What does Eric think?

Eric Li:

I think o1's difficulty and GPT-4's difficulty are both very high, but the hard parts are different. When GPT-4 came out, only OpenAI had built a multimodal model. To achieve multimodal capability, whether in pre-training, post-training, SFT, or reinforcement learning, every training stage needed to be done.

The main difficulty was data, because obtaining the best reasoning data is more resource-intensive than outcome-based human feedback. Another issue is the implementation method — unlike last year's relatively clear path from text-only to multimodal models. Back then everyone already knew how to do modality fusion, how to process these datasets, but now people are still guessing how it's actually implemented and what principles underlie it.

So I think the difficulties are mainly: first, building such a dataset; second, because there are many possible implementation paths, more research investment is needed to identify the optimal one.

For smaller companies there's another challenge: the importance of reinforcement learning. Previously many startups or resource-constrained companies didn't do reinforcement learning, instead using more off-policy methods like DPO. If reinforcement learning is now being emphasized as this important, whether we must do RLHF rather than RL-free methods is a major challenge for small companies.

Monica:

In the process of catching up to o1, what do you think are the most overestimated and underestimated aspects?

Eric Li:

I think the most underestimated aspect is data — specifically, data for judging reasoning quality. Previously with RLHF, some scenarios or startups could still obtain human feedback, but getting high-quality reasoning feedback data is much more difficult. As for overestimated aspects... nothing is overestimated. It's just hard.

Su Hui:

I've also said this before — I think people underestimate the engineering challenges. From some perspectives now, the training engineering challenges are actually enormous. You need to build on top of a GPT-4-level model, and you need to master training itself to continue advancing.

Kimi Kong:

I strongly agree with Eric and Su Hui. This is both a very hard science problem and a very hard engineering problem.

The science challenge lies in how to filter high-quality data, while the engineering challenge is that training needs to incorporate inference — meaning you must be a hexagonal warrior with no weak points to pull this off.

Hopes for Development in the Field Over the Next 1-3 Years

Monica:

We've discussed a lot of interpretations and speculations.

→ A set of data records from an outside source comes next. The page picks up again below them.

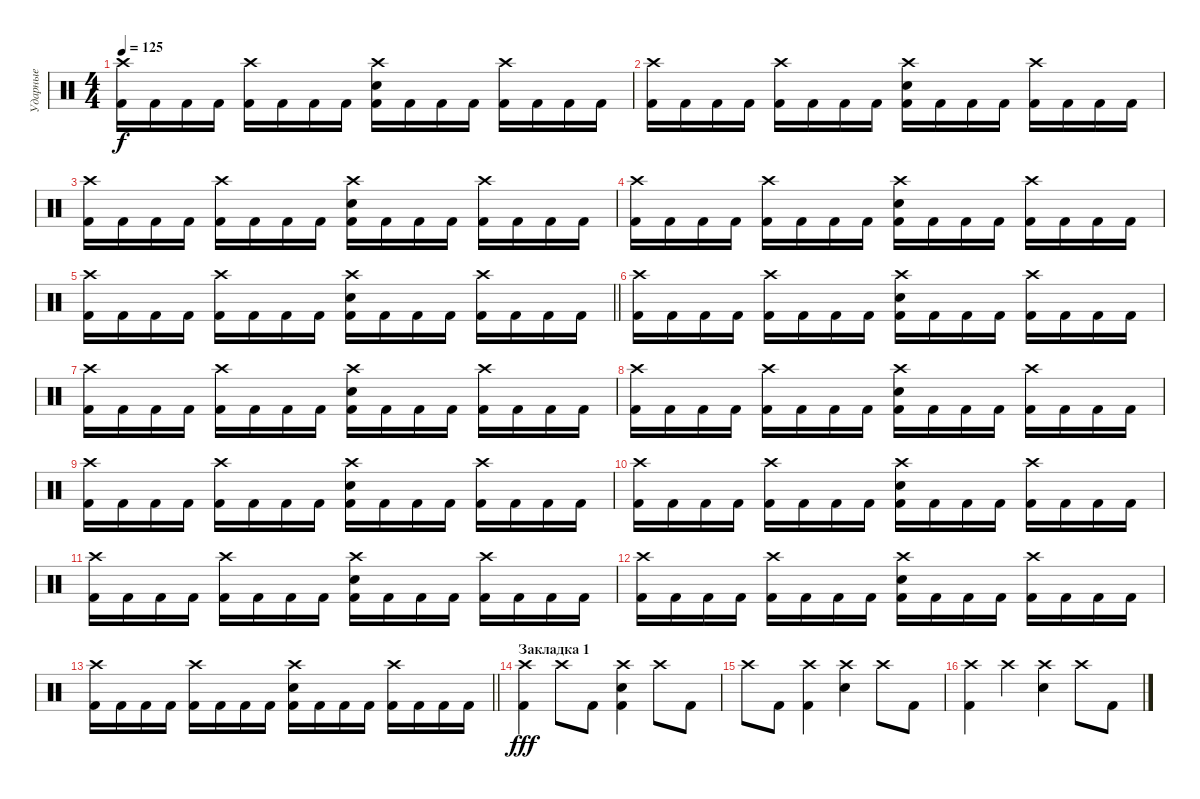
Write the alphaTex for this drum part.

\track ("Ударные" "Ударные") {instrument percussion}
\staff {score}
\articulation defaults
\ts (4 4)
\tempo 125
\clef neutral
\ks c
("Crash high (hit)" "Kick (hit) 2").16{dy f} "Kick (hit) 2".16 "Kick (hit) 2".16 "Kick (hit) 2".16 ("Crash high (hit)" "Kick (hit) 2").16 "Kick (hit) 2".16 "Kick (hit) 2".16 "Kick (hit) 2".16 ("Crash high (hit)" "Snare (hit) 2" "Kick (hit) 2").16 "Kick (hit) 2".16 "Kick (hit) 2".16 "Kick (hit) 2".16 ("Crash high (hit)" "Kick (hit) 2").16 "Kick (hit) 2".16 "Kick (hit) 2".16 "Kick (hit) 2".16 |
("Crash high (hit)" "Kick (hit) 2").16 "Kick (hit) 2".16 "Kick (hit) 2".16 "Kick (hit) 2".16 ("Crash high (hit)" "Kick (hit) 2").16 "Kick (hit) 2".16 "Kick (hit) 2".16 "Kick (hit) 2".16 ("Crash high (hit)" "Snare (hit) 2" "Kick (hit) 2").16 "Kick (hit) 2".16 "Kick (hit) 2".16 "Kick (hit) 2".16 ("Crash high (hit)" "Kick (hit) 2").16 "Kick (hit) 2".16 "Kick (hit) 2".16 "Kick (hit) 2".16 |
("Crash high (hit)" "Kick (hit) 2").16 "Kick (hit) 2".16 "Kick (hit) 2".16 "Kick (hit) 2".16 ("Crash high (hit)" "Kick (hit) 2").16 "Kick (hit) 2".16 "Kick (hit) 2".16 "Kick (hit) 2".16 ("Crash high (hit)" "Snare (hit) 2" "Kick (hit) 2").16 "Kick (hit) 2".16 "Kick (hit) 2".16 "Kick (hit) 2".16 ("Crash high (hit)" "Kick (hit) 2").16 "Kick (hit) 2".16 "Kick (hit) 2".16 "Kick (hit) 2".16 |
("Crash high (hit)" "Kick (hit) 2").16 "Kick (hit) 2".16 "Kick (hit) 2".16 "Kick (hit) 2".16 ("Crash high (hit)" "Kick (hit) 2").16 "Kick (hit) 2".16 "Kick (hit) 2".16 "Kick (hit) 2".16 ("Crash high (hit)" "Snare (hit) 2" "Kick (hit) 2").16 "Kick (hit) 2".16 "Kick (hit) 2".16 "Kick (hit) 2".16 ("Crash high (hit)" "Kick (hit) 2").16 "Kick (hit) 2".16 "Kick (hit) 2".16 "Kick (hit) 2".16 |
\barLineRight lightlight
("Crash high (hit)" "Kick (hit) 2").16 "Kick (hit) 2".16 "Kick (hit) 2".16 "Kick (hit) 2".16 ("Crash high (hit)" "Kick (hit) 2").16 "Kick (hit) 2".16 "Kick (hit) 2".16 "Kick (hit) 2".16 ("Crash high (hit)" "Snare (hit) 2" "Kick (hit) 2").16 "Kick (hit) 2".16 "Kick (hit) 2".16 "Kick (hit) 2".16 ("Crash high (hit)" "Kick (hit) 2").16 "Kick (hit) 2".16 "Kick (hit) 2".16 "Kick (hit) 2".16 |
("Crash high (hit)" "Kick (hit) 2").16 "Kick (hit) 2".16 "Kick (hit) 2".16 "Kick (hit) 2".16 ("Crash high (hit)" "Kick (hit) 2").16 "Kick (hit) 2".16 "Kick (hit) 2".16 "Kick (hit) 2".16 ("Crash high (hit)" "Snare (hit) 2" "Kick (hit) 2").16 "Kick (hit) 2".16 "Kick (hit) 2".16 "Kick (hit) 2".16 ("Crash high (hit)" "Kick (hit) 2").16 "Kick (hit) 2".16 "Kick (hit) 2".16 "Kick (hit) 2".16 |
("Crash high (hit)" "Kick (hit) 2").16 "Kick (hit) 2".16 "Kick (hit) 2".16 "Kick (hit) 2".16 ("Crash high (hit)" "Kick (hit) 2").16 "Kick (hit) 2".16 "Kick (hit) 2".16 "Kick (hit) 2".16 ("Crash high (hit)" "Snare (hit) 2" "Kick (hit) 2").16 "Kick (hit) 2".16 "Kick (hit) 2".16 "Kick (hit) 2".16 ("Crash high (hit)" "Kick (hit) 2").16 "Kick (hit) 2".16 "Kick (hit) 2".16 "Kick (hit) 2".16 |
("Crash high (hit)" "Kick (hit) 2").16 "Kick (hit) 2".16 "Kick (hit) 2".16 "Kick (hit) 2".16 ("Crash high (hit)" "Kick (hit) 2").16 "Kick (hit) 2".16 "Kick (hit) 2".16 "Kick (hit) 2".16 ("Crash high (hit)" "Snare (hit) 2" "Kick (hit) 2").16 "Kick (hit) 2".16 "Kick (hit) 2".16 "Kick (hit) 2".16 ("Crash high (hit)" "Kick (hit) 2").16 "Kick (hit) 2".16 "Kick (hit) 2".16 "Kick (hit) 2".16 |
("Crash high (hit)" "Kick (hit) 2").16 "Kick (hit) 2".16 "Kick (hit) 2".16 "Kick (hit) 2".16 ("Crash high (hit)" "Kick (hit) 2").16 "Kick (hit) 2".16 "Kick (hit) 2".16 "Kick (hit) 2".16 ("Crash high (hit)" "Snare (hit) 2" "Kick (hit) 2").16 "Kick (hit) 2".16 "Kick (hit) 2".16 "Kick (hit) 2".16 ("Crash high (hit)" "Kick (hit) 2").16 "Kick (hit) 2".16 "Kick (hit) 2".16 "Kick (hit) 2".16 |
("Crash high (hit)" "Kick (hit) 2").16 "Kick (hit) 2".16 "Kick (hit) 2".16 "Kick (hit) 2".16 ("Crash high (hit)" "Kick (hit) 2").16 "Kick (hit) 2".16 "Kick (hit) 2".16 "Kick (hit) 2".16 ("Crash high (hit)" "Snare (hit) 2" "Kick (hit) 2").16 "Kick (hit) 2".16 "Kick (hit) 2".16 "Kick (hit) 2".16 ("Crash high (hit)" "Kick (hit) 2").16 "Kick (hit) 2".16 "Kick (hit) 2".16 "Kick (hit) 2".16 |
("Crash high (hit)" "Kick (hit) 2").16 "Kick (hit) 2".16 "Kick (hit) 2".16 "Kick (hit) 2".16 ("Crash high (hit)" "Kick (hit) 2").16 "Kick (hit) 2".16 "Kick (hit) 2".16 "Kick (hit) 2".16 ("Crash high (hit)" "Snare (hit) 2" "Kick (hit) 2").16 "Kick (hit) 2".16 "Kick (hit) 2".16 "Kick (hit) 2".16 ("Crash high (hit)" "Kick (hit) 2").16 "Kick (hit) 2".16 "Kick (hit) 2".16 "Kick (hit) 2".16 |
("Crash high (hit)" "Kick (hit) 2").16 "Kick (hit) 2".16 "Kick (hit) 2".16 "Kick (hit) 2".16 ("Crash high (hit)" "Kick (hit) 2").16 "Kick (hit) 2".16 "Kick (hit) 2".16 "Kick (hit) 2".16 ("Crash high (hit)" "Snare (hit) 2" "Kick (hit) 2").16 "Kick (hit) 2".16 "Kick (hit) 2".16 "Kick (hit) 2".16 ("Crash high (hit)" "Kick (hit) 2").16 "Kick (hit) 2".16 "Kick (hit) 2".16 "Kick (hit) 2".16 |
\barLineRight lightlight
("Crash high (hit)" "Kick (hit) 2").16 "Kick (hit) 2".16 "Kick (hit) 2".16 "Kick (hit) 2".16 ("Crash high (hit)" "Kick (hit) 2").16 "Kick (hit) 2".16 "Kick (hit) 2".16 "Kick (hit) 2".16 ("Crash high (hit)" "Snare (hit) 2" "Kick (hit) 2").16 "Kick (hit) 2".16 "Kick (hit) 2".16 "Kick (hit) 2".16 ("Crash high (hit)" "Kick (hit) 2").16 "Kick (hit) 2".16 "Kick (hit) 2".16 "Kick (hit) 2".16 |
\section ("" "Закладка 1")
("Crash high (hit)" "Kick (hit) 2").4{dy fff} "Crash high (hit)".8 "Kick (hit) 2".8 ("Crash high (hit)" "Snare (hit) 2" "Kick (hit) 2").4 "Crash high (hit)".8 "Kick (hit) 2".8 |
"Crash high (hit)".8 "Kick (hit) 2".8 ("Crash high (hit)" "Kick (hit) 2").4 ("Crash high (hit)" "Snare (hit) 2").4 "Crash high (hit)".8 "Kick (hit) 2".8 |
("Crash high (hit)" "Kick (hit) 2").4 "Crash high (hit)".4 ("Crash high (hit)" "Snare (hit) 2").4 "Crash high (hit)".8 "Kick (hit) 2".8

Now let's talk about hopes for the future. After seeing o1 demonstrate these capabilities, what developments do you most hope to see in this field in the near term and over the next three years? What difficult problems do you most hope get solved?

Kimi Kong:

I think within one year, coding will likely become a commodity — a skill that everyone can possess. I was chatting with a PM on my team earlier, and he said: I can write code myself with Cursor, I don't need you guys to build prototypes for me. Though he was joking when talking about his personal projects, I think this scenario might really materialize within a year, perhaps.

Actually I'm a robotics researcher by training, and I'm very much looking forward to greater progress in combining large language models with robotics, particularly in the embodiment direction. But within one to three years, I think the hardest problem to solve remains domain data. You know, most of the recipes are already laid out on the table — whether big companies or the open-source community are using roughly similar recipes.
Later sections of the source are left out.